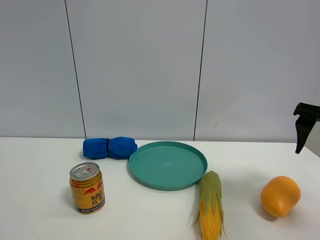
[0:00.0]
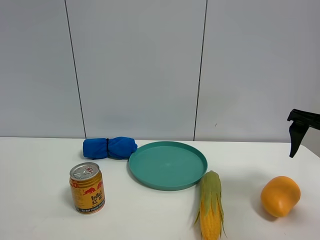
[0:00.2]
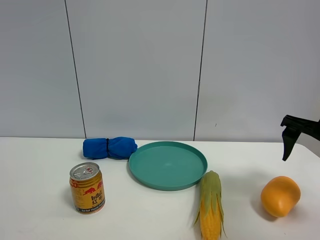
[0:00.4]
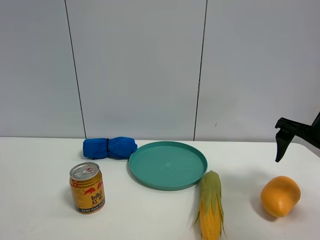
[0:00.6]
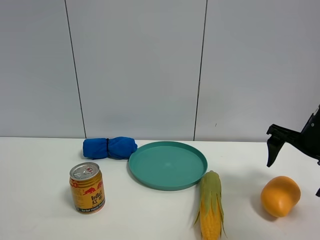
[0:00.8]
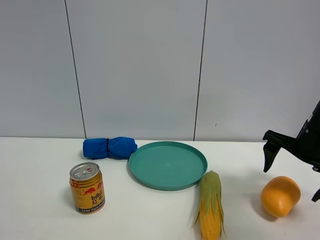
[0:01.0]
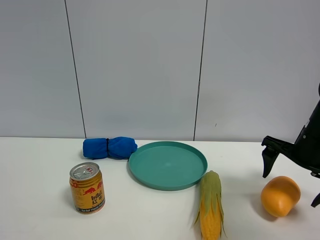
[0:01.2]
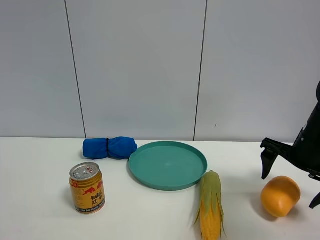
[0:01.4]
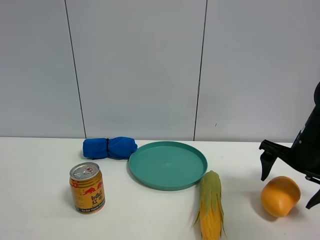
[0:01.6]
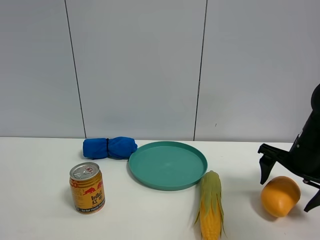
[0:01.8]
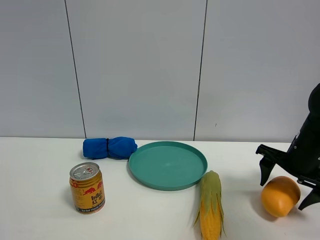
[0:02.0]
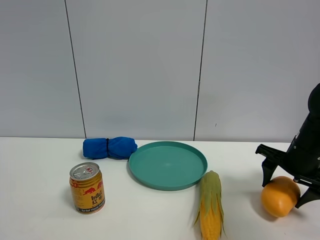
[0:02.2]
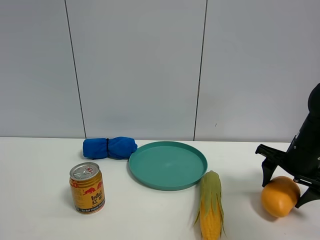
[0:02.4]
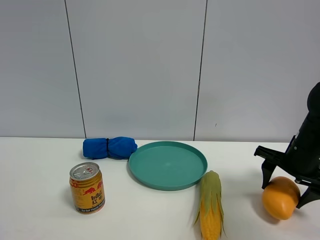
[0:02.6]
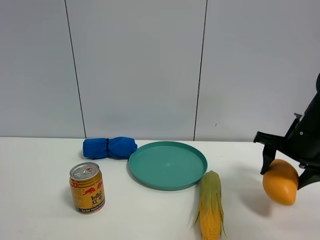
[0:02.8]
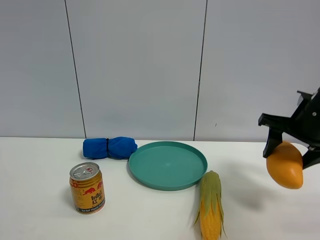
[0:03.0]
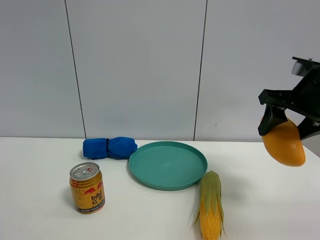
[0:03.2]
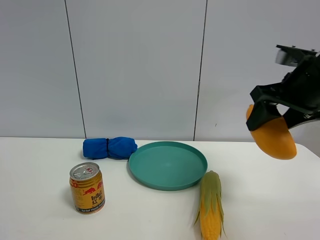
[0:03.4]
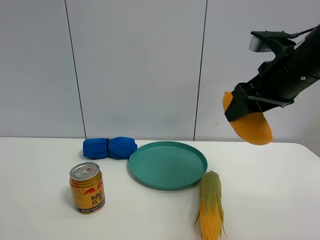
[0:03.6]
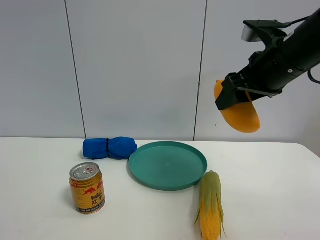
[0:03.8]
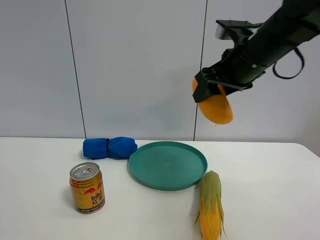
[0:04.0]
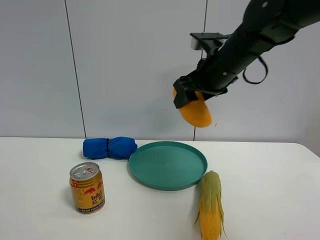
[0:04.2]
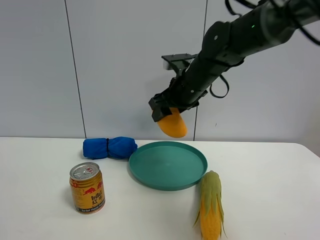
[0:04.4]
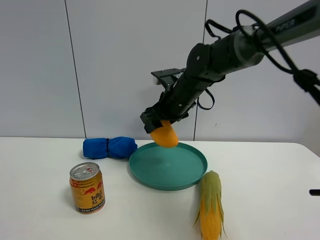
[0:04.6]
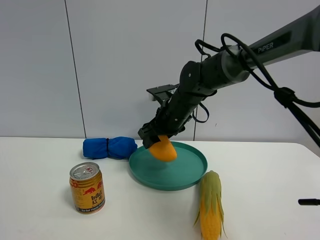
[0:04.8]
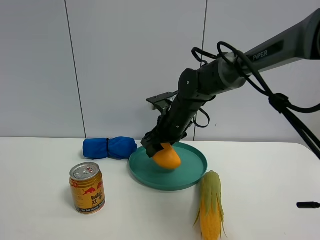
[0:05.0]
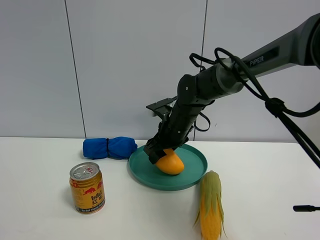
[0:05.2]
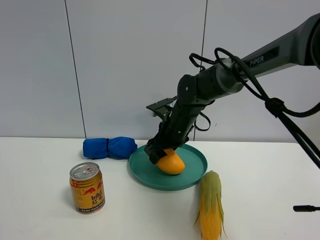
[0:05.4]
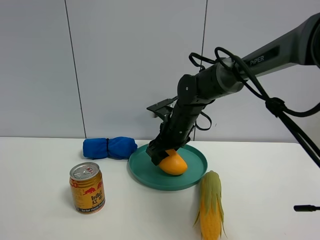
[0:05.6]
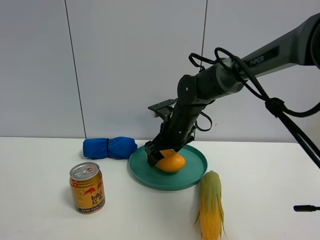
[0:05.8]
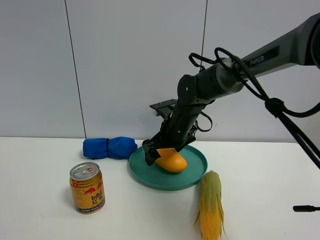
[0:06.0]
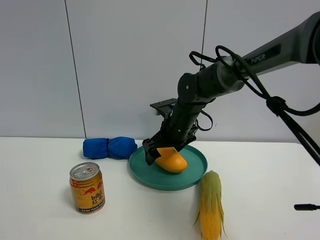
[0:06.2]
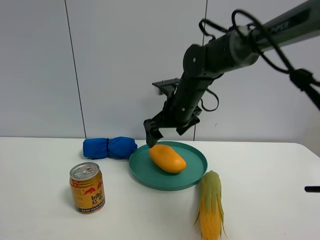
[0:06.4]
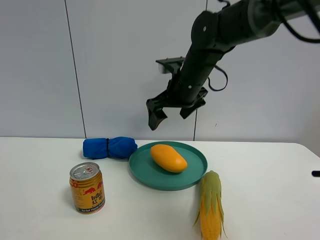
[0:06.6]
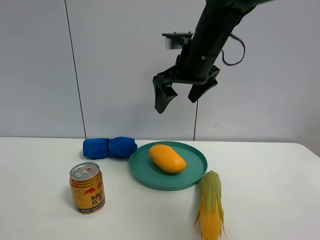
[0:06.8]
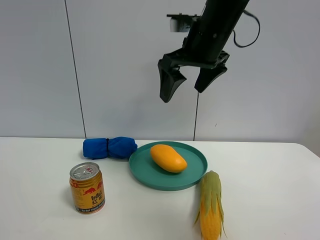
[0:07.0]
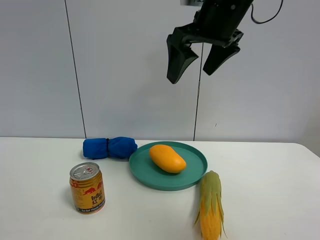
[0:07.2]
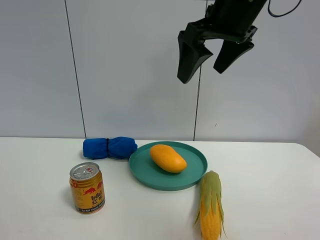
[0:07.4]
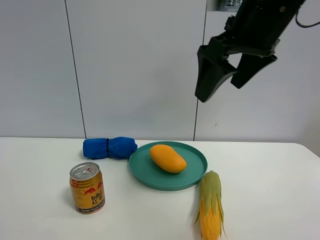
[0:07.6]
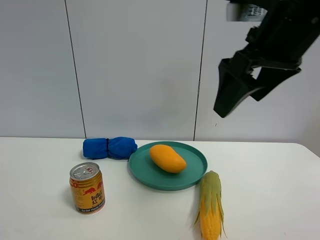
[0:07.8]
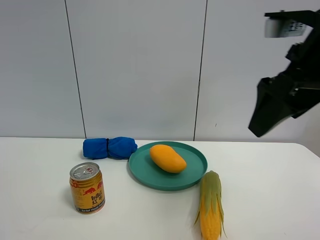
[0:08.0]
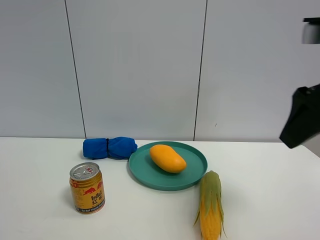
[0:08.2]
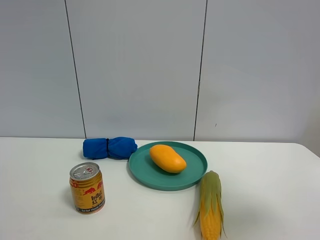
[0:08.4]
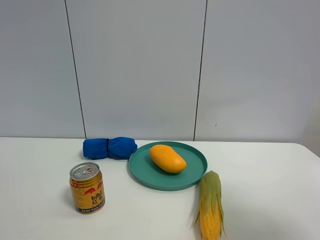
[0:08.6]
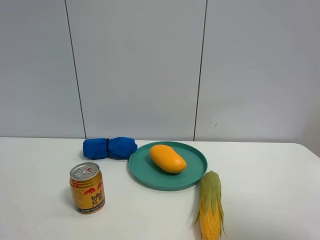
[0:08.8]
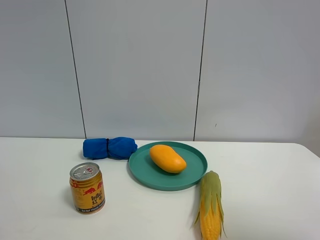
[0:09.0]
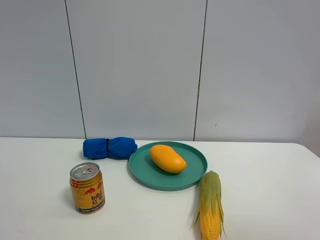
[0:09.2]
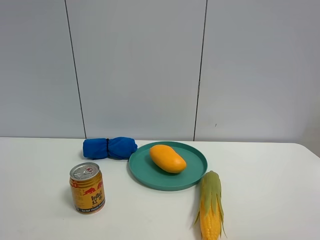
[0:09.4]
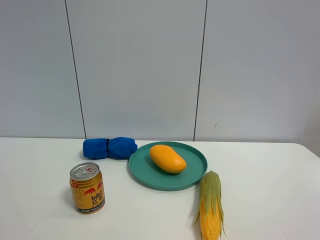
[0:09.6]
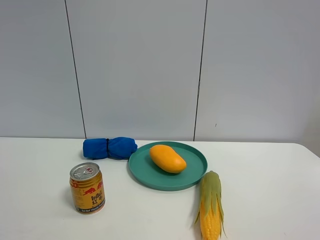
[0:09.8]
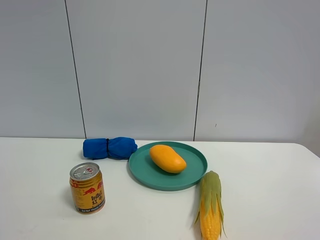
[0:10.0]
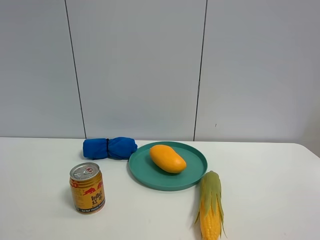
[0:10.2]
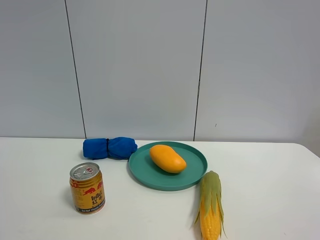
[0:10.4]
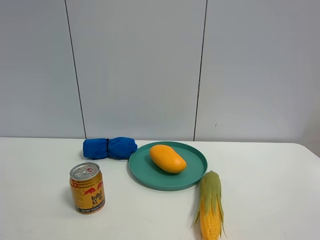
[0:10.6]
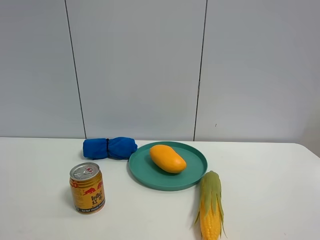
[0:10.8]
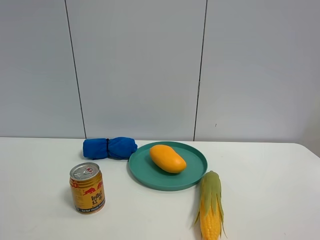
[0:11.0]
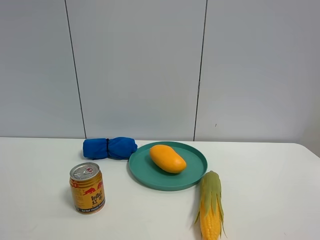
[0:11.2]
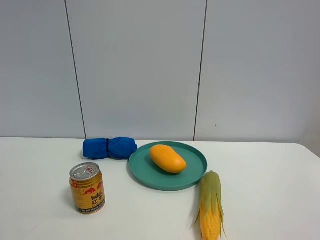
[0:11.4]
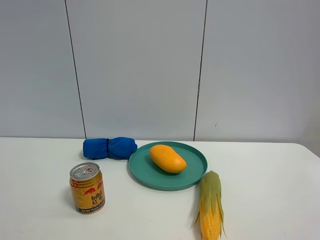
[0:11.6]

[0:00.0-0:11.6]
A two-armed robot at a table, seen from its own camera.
Task of the whole recording: the gripper move the object.
Step, 0:00.0 to 0:02.4: Grasp the mango with the right gripper.
Step, 0:02.6 to 0:06.2: Place the mango into the green plate with the right gripper.
0:00.0 to 0:01.4: The right gripper moves downward, roughly 10 cm.
0:01.4 to 0:02.8: The right gripper closes.
0:02.8 to 0:04.4: The right gripper travels to the left and forward by about 25 cm.
0:04.4 to 0:05.8: The right gripper is displaced downward by roughly 10 cm, and opens.
0:05.8 to 0:07.2: The right gripper heads upward and backward, covering roughly 25 cm.
0:07.2 to 0:08.8: The right gripper moves backward and to the right, roughly 30 cm.
0:08.8 to 0:10.2: The right gripper heads backward and downward, covering approximately 10 cm.
0:10.2 to 0:11.6: Both grippers stay about where they are.

+ + + +

◆ How to complete this task: All entries above are to be reproduced exactly, with no pictures.

◆ Your response:
[0:00.0]
[0:00.2]
[0:00.4]
[0:00.6]
[0:00.8]
[0:01.0]
[0:01.2]
[0:01.4]
[0:01.6]
[0:01.8]
[0:02.0]
[0:02.2]
[0:02.4]
[0:02.6]
[0:02.8]
[0:03.0]
[0:03.2]
[0:03.4]
[0:03.6]
[0:03.8]
[0:04.0]
[0:04.2]
[0:04.4]
[0:04.6]
[0:04.8]
[0:05.0]
[0:05.2]
[0:05.4]
[0:05.6]
[0:05.8]
[0:06.0]
[0:06.2]
[0:06.4]
[0:06.6]
[0:06.8]
[0:07.0]
[0:07.2]
[0:07.4]
[0:07.6]
[0:07.8]
[0:08.0]
[0:08.2]
[0:08.4]
[0:08.6]
[0:08.8]
[0:09.0]
[0:09.2]
[0:09.4]
[0:09.6]
[0:09.8]
[0:10.0]
[0:10.2]
[0:10.4]
[0:10.6]
[0:10.8]
[0:11.0]
[0:11.2]
[0:11.4]
[0:11.6]

[0:00.0-0:11.6]
A two-armed robot at a table, seen from its own camera.
Task of the whole recording: the gripper move the object.
Step, 0:00.0 to 0:02.4: Grasp the mango with the right gripper.
Step, 0:02.6 to 0:06.2: Place the mango into the green plate with the right gripper.
0:00.0 to 0:01.4: The right gripper moves downward, roughly 10 cm.
0:01.4 to 0:02.8: The right gripper closes.
0:02.8 to 0:04.4: The right gripper travels to the left and forward by about 25 cm.
0:04.4 to 0:05.8: The right gripper is displaced downward by roughly 10 cm, and opens.
0:05.8 to 0:07.2: The right gripper heads upward and backward, covering roughly 25 cm.
0:07.2 to 0:08.8: The right gripper moves backward and to the right, roughly 30 cm.
0:08.8 to 0:10.2: The right gripper heads backward and downward, covering approximately 10 cm.
0:10.2 to 0:11.6: Both grippers stay about where they are.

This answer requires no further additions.